= Consortium of Universities of the State of Chile =

Nonprofit corporation of Chilean public universities

The Consortium of Universities of the State of Chile is a nonprofit corporation that brings together all of Chile's public universities. As Chile is a unitary state, the public university system is centrally coordinated, and the consortium plays a key role in representing the interests of state institutions in matters of public policy, funding, and higher education development.

== History ==
The creation of this institution was part of a process of decentralization of Chilean public higher education, in line with the country's regionalization process. Previously, the University of Chile operated as a centralized organization with various campuses throughout the country.

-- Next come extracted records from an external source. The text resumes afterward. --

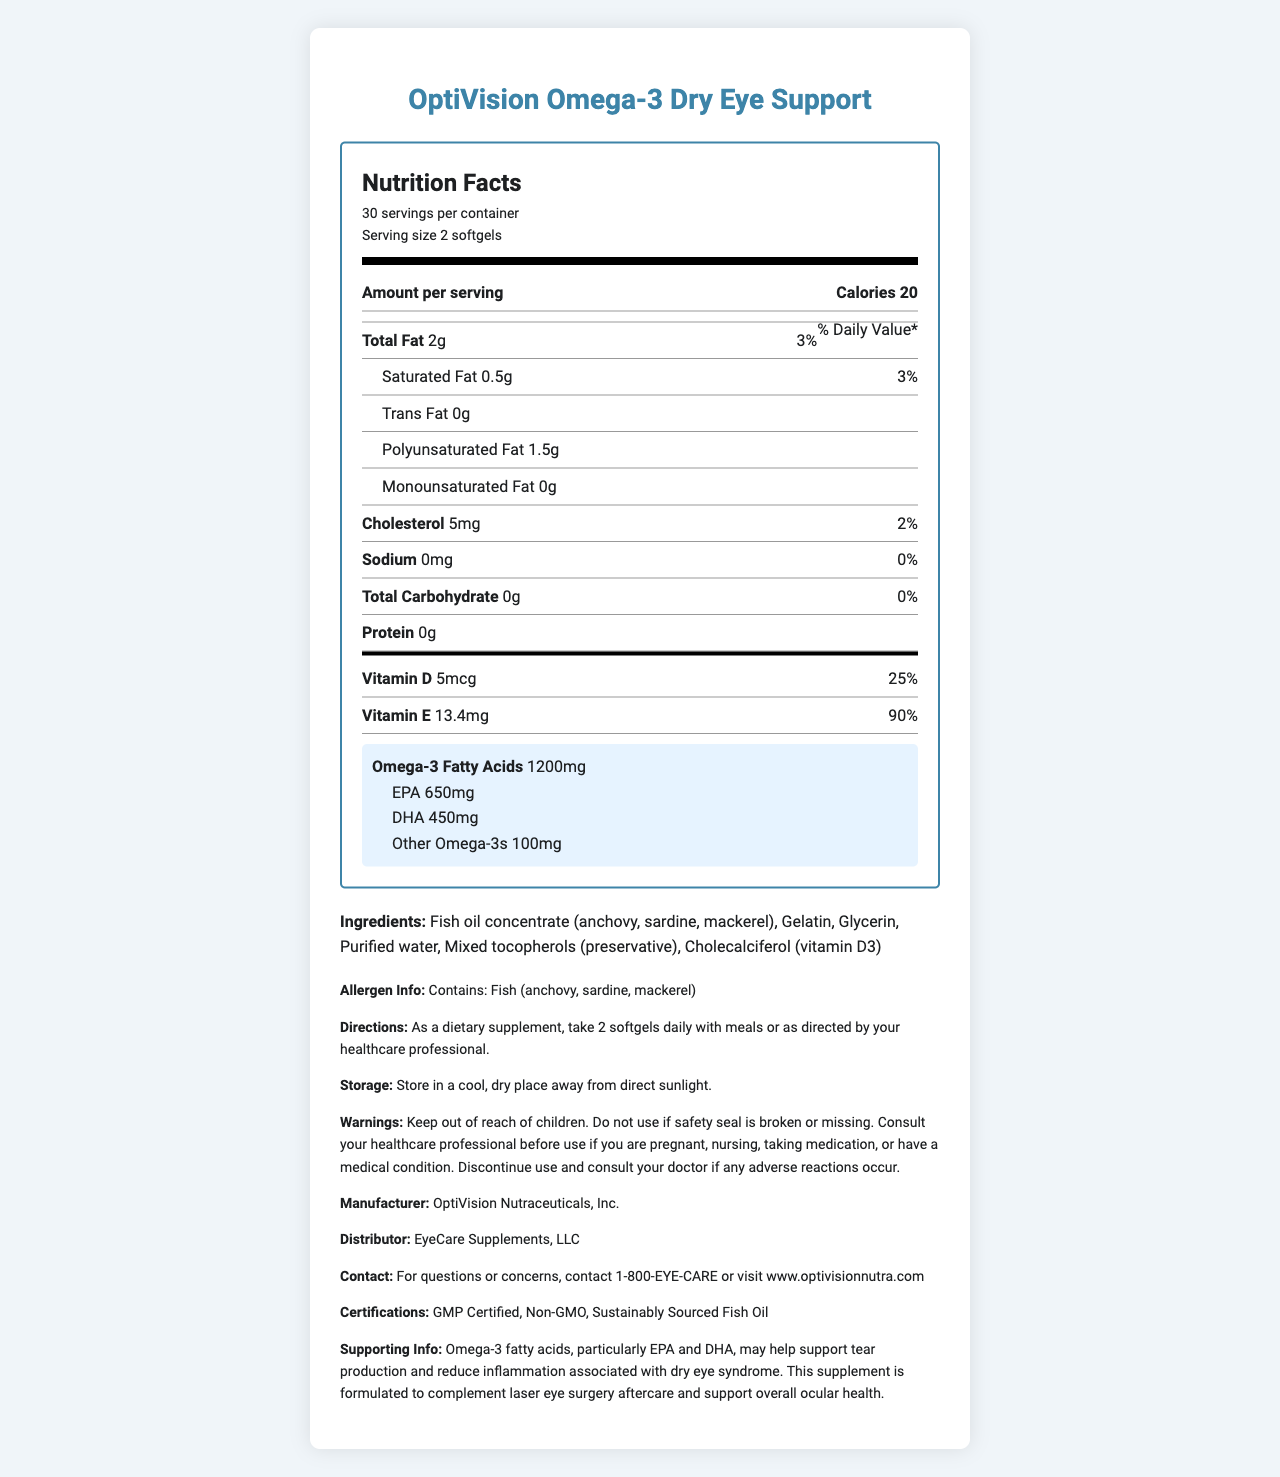what is the serving size for OptiVision Omega-3 Dry Eye Support? The serving size is stated as "2 softgels" in the document.
Answer: 2 softgels how many servings per container does this product provide? The document mentions that there are 30 servings per container.
Answer: 30 servings how much total fat is there per serving and what percentage of the daily value does it represent? The total fat per serving is 2 grams, which represents 3% of the daily value.
Answer: 2g, 3% how much omega-3 fatty acids are there per serving? The document states that each serving contains 1200mg of omega-3 fatty acids.
Answer: 1200mg what are the main types of omega-3 fatty acids included in the supplement and their respective amounts? The main types of omega-3 fatty acids are EPA (650mg), DHA (450mg), and other omega-3s (100mg).
Answer: EPA: 650mg, DHA: 450mg, Other: 100mg what are the ingredients of OptiVision Omega-3 Dry Eye Support? The ingredients are listed in the document.
Answer: Fish oil concentrate (anchovy, sardine, mackerel), Gelatin, Glycerin, Purified water, Mixed tocopherols (preservative), Cholecalciferol (vitamin D3) which vitamin in the supplement has the highest percentage of daily value? Vitamin E has a daily value percentage of 90%, which is the highest among the listed vitamins.
Answer: Vitamin E how many calories are there per serving of this supplement? The document states that each serving contains 20 calories.
Answer: 20 calories what is the recommended daily dosage for this supplement? The document gives the direction to take 2 softgels daily with meals.
Answer: 2 softgels daily with meals or as directed by your healthcare professional what is the total amount of cholesterol per serving and its daily value percentage? The total amount of cholesterol per serving is 5mg, and this represents 2% of the daily value.
Answer: 5mg, 2% what should be avoided during storage of this product? The document specifies to store the product in a cool, dry place away from direct sunlight.
Answer: Direct sunlight which certification ensures the product contains non-genetically modified organisms? A. GMP Certified B. Non-GMO C. Sustainably Sourced Fish Oil The certification "Non-GMO" ensures that the product contains non-genetically modified organisms.
Answer: B. Non-GMO how should this supplement be stored? A. In the fridge B. In a hot place C. In a cool, dry place D. Under direct sunlight The document specifies that the supplement should be stored in a cool, dry place.
Answer: C. In a cool, dry place is this product suitable for individuals allergic to fish? The allergen information indicates that the product contains fish (anchovy, sardine, mackerel), so it is not suitable for individuals allergic to fish.
Answer: No does this product contain any sodium? The document states that the sodium content is 0mg.
Answer: No summarize the key information provided by the nutrition facts label of OptiVision Omega-3 Dry Eye Support. This summary captures the essential facts about the product, including its nutritional content, omega-3 composition, vitamins, ingredients, certifications, and dosage instructions.
Answer: The OptiVision Omega-3 Dry Eye Support supplement provides 20 calories per serving (2 softgels) with 2g of total fat (3% DV). It includes significant amounts of omega-3 fatty acids (1200mg) divided into EPA (650mg), DHA (450mg), and other types (100mg). It features vitamin D (5mcg, 25% DV) and a high amount of vitamin E (13.4mg, 90% DV). The supplement uses fish oil concentrate from anchovy, sardine, and mackerel, and contains gelatin, glycerin, purified water, mixed tocopherols, and cholecalciferol. It is non-GMO, GMP certified, and sustainably sourced. The product is recommended to be taken twice daily with meals. what is the exact amount of purified water used in this supplement? The document specifies purified water as an ingredient but does not provide the exact amount used.
Answer: Not enough information

In 1981, under the military dictatorship led by General Augusto Pinochet, the government initiated a reform of the higher education system, which they described as a "modernization" process. This reform dismantled the national university system, resulting in the division of the regional campuses of the University of Chile and the Universidad Técnica del Estado into separate, autonomous universities in each region. Before the separation, major academic and administrative decisions concerning all regional campuses were made in Santiago, the capital city. This centralized structure limited the autonomy of regional campuses, as decisions on curriculum, faculty appointments, budgeting, and infrastructure were largely controlled by central authorities in the main campus. The lack of regional input in decision-making was one of the main criticisms that led to calls for greater local control and relevance in higher education. From the opposition to the Pinochet regime and various left-wing political sectors, the 1981 separation was interpreted as a deliberate dismemberment of the University of Chile. This action was seen as having a political objective: to weaken the university's historic role as a center of critical thought and intellectual opposition to the authoritarianism.

These new institutions became the public universities of the respective regions and were later integrated into the Consortium of State Universities of Chile. Despite the state's diminished direct role in higher education funding during the following decades, these universities remained public and continued to play a key role in the development of their local communities, while also facing new challenges related to autonomy, financing, and competitiveness in the national education system.

== Members ==

The Consortium of State Universities of Chile is composed of the 18 public universities of Chile, all of which are also members of the Council of Rectors of Chilean Universities (CRUCH).

=== Member universities of the Consortium in order of foundation ===
1. University of Chile, November 19, 1842.
2. University of Valparaíso, February 12, 1981.
3. University of Antofagasta, March 20, 1981.
4. University of La Frontera, March 20, 1981.
5. University of La Serena, March 20, 1981.
6. University of Santiago, Chile, March 21, 1981.
7. University of Atacama, October 26, 1981.
8. University of Magallanes, October 26, 1981.
9. University of Talca, October 26, 1981.
10. University of Tarapacá, December 11, 1981.
11. Arturo Prat University, December 14, 1984.
12. Playa Ancha University, September 4, 1985.
13. Metropolitan University of Educational Sciences, September 4, 1985.
14. University of Bío-Bío, September 29, 1988.
15. University of Los Lagos, August 30, 1993.
16. Metropolitan Technological University, August 30, 1993.
17. University of Aysén, August 7, 2015.
18. University of O'Higgins, August 7, 2015.